Baxter's Dual Luer Lock Cap is intended for use as a cap for male or female luer ports on medical devices such as manifolds, stopcocks or sets.

The subject of this submission is a sterile Dual Luer Lock Cap which will be used to cover male or female luer ports on medical devices. The proposed Dual Luer Lock Cap will replace the existing port cap on a number of currently marketed Baxter devices such as sets, stopcocks and manifolds. It will also be sold individually as a replacement cap to cover an open luer port after it has been accessed and is no longer in use. The Dual Luer Lock Cap consists of an integrated design with a male luer lock connection on one end and a female luer lock connection on the other end.

Here's an analysis of the provided text regarding the "Dual Luer Lock Cap" and its acceptance criteria and supporting study, formatted as requested.

1. Table of Acceptance Criteria and Reported Device Performance

2. Sample Size Used for the Test Set and Data Provenance

The document does not explicitly state the specific sample size used for the test set. It mentions "functional testing" was performed, and "data have been generated," but no numbers are provided for the quantity of devices tested.

The data provenance is not specified regarding country of origin or whether it was retrospective or prospective. Given the nature of a 510(k) submission for a medical device accessory, it is almost certainly a prospective test conducted by the manufacturer for regulatory approval.

3. Number of Experts Used to Establish the Ground Truth for the Test Set and Qualifications of Those Experts

This information is not detailed in the provided text. For a device like a luer lock cap, "ground truth" would likely be established by engineering specifications and objective measurements against those specs, rather than expert interpretation (e.g., radiologist consensus).
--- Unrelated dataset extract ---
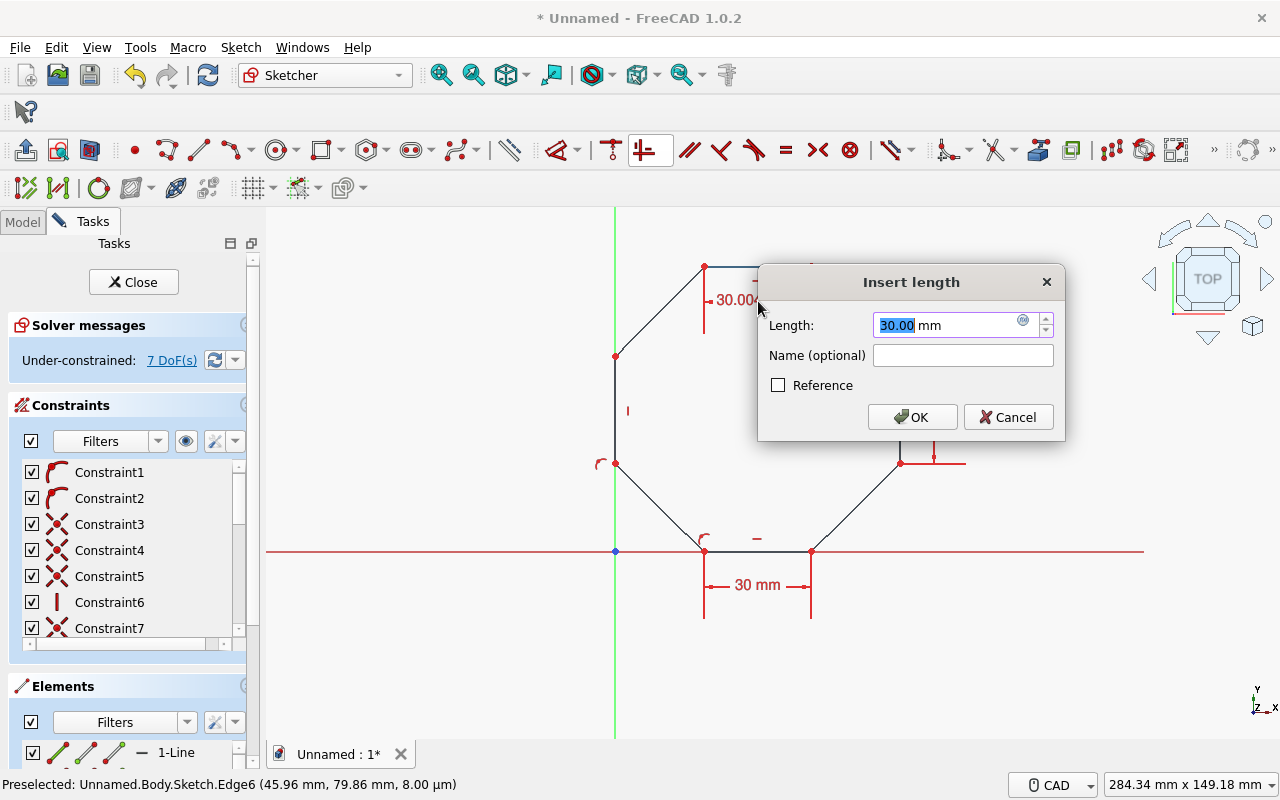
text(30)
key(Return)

4. Adjudication Method for the Test Set

This information is not detailed in the provided text. Since the acceptance criteria are functional, adjudication would likely involve comparing test results directly to predefined objective standards, rather than a consensus method among human adjudicators.
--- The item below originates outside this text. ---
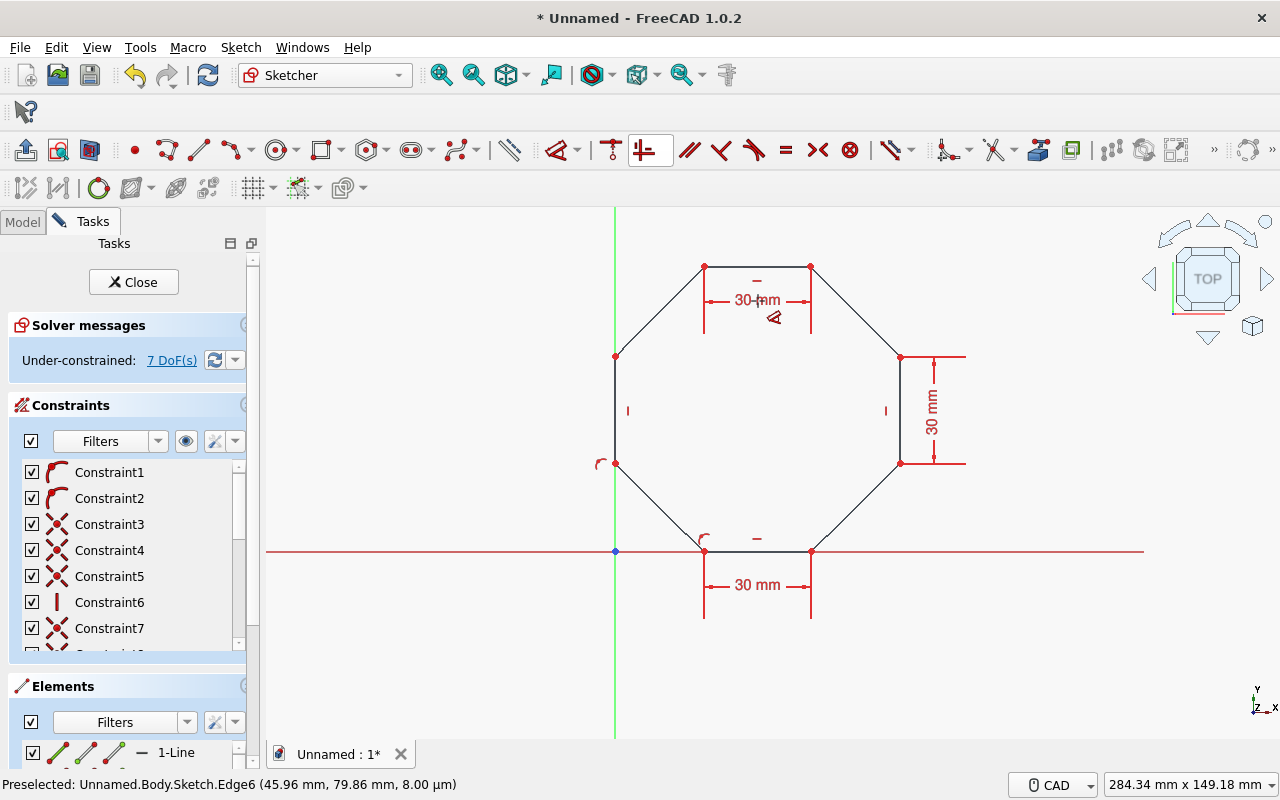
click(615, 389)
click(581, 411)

5. Multi-Reader Multi-Case (MRMC) Comparative Effectiveness Study

An MRMC comparative effectiveness study was not conducted. This type of study is typically relevant for diagnostic imaging AI systems where human readers interpret medical images. The "Dual Luer Lock Cap" is a mechanical medical device, not a diagnostic tool that involves human interpretation of data.
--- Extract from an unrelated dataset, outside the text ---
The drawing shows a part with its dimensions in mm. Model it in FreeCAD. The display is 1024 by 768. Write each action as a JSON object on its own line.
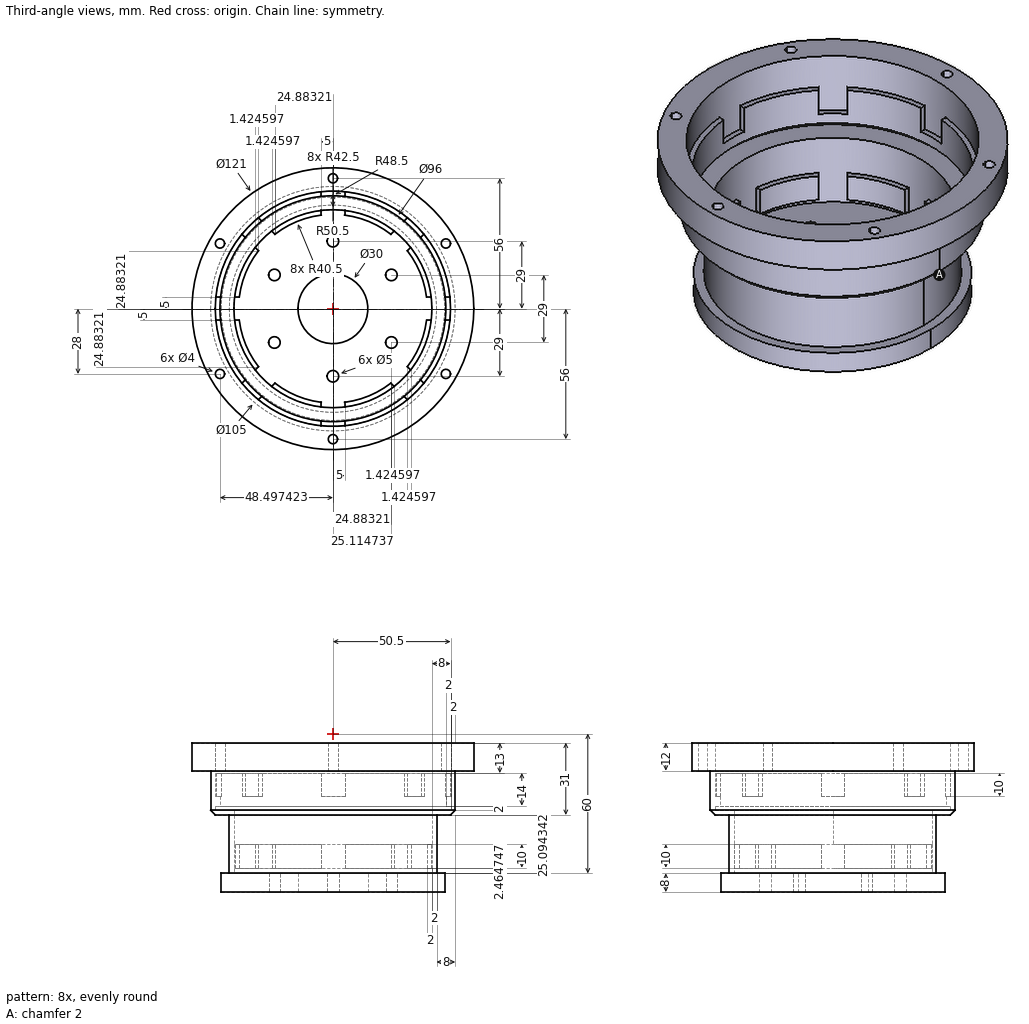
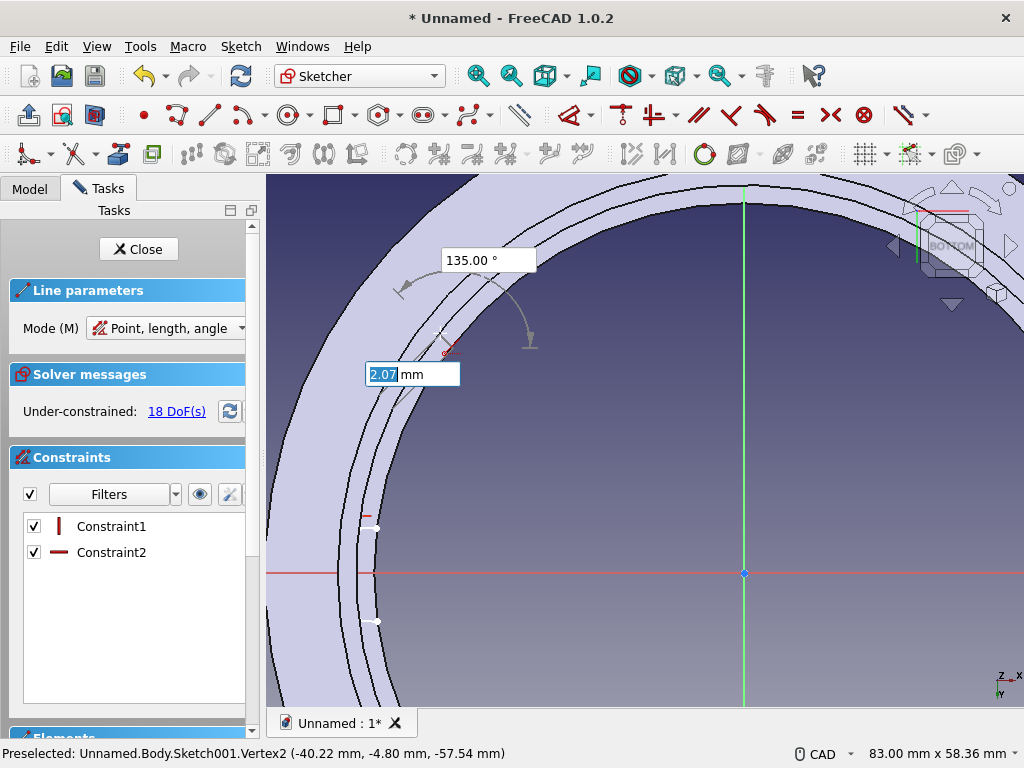
{"action": "left_click", "coordinate": [439, 333]}

6. Standalone (Algorithm Only Without Human-in-the-Loop Performance) Study

A standalone study was effectively performed, although the term "algorithm" is not applicable here. The device's functional performance was evaluated independently without human intervention influencing the functional outcome itself. The tests would assess properties like seal integrity, connection strength, and material properties.

7. Type of Ground Truth Used

The ground truth used for this device would be based on engineering specifications and objective functional requirements. This includes standards for luer connectivity, sealing capability, material compatibility, and sterilization. The specific details of these functional requirements are not itemized in the summary, but it's implied that the device was tested against such standards.

8. Sample Size for the Training Set

The concept of a "training set" is not applicable to this device. Training sets are used for machine learning algorithms. The "Dual Luer Lock Cap" is a physical medical device, not an AI or software product.

9. How the Ground Truth for the Training Set Was Established

Since there is no "training set" for this physical device, this question is not applicable.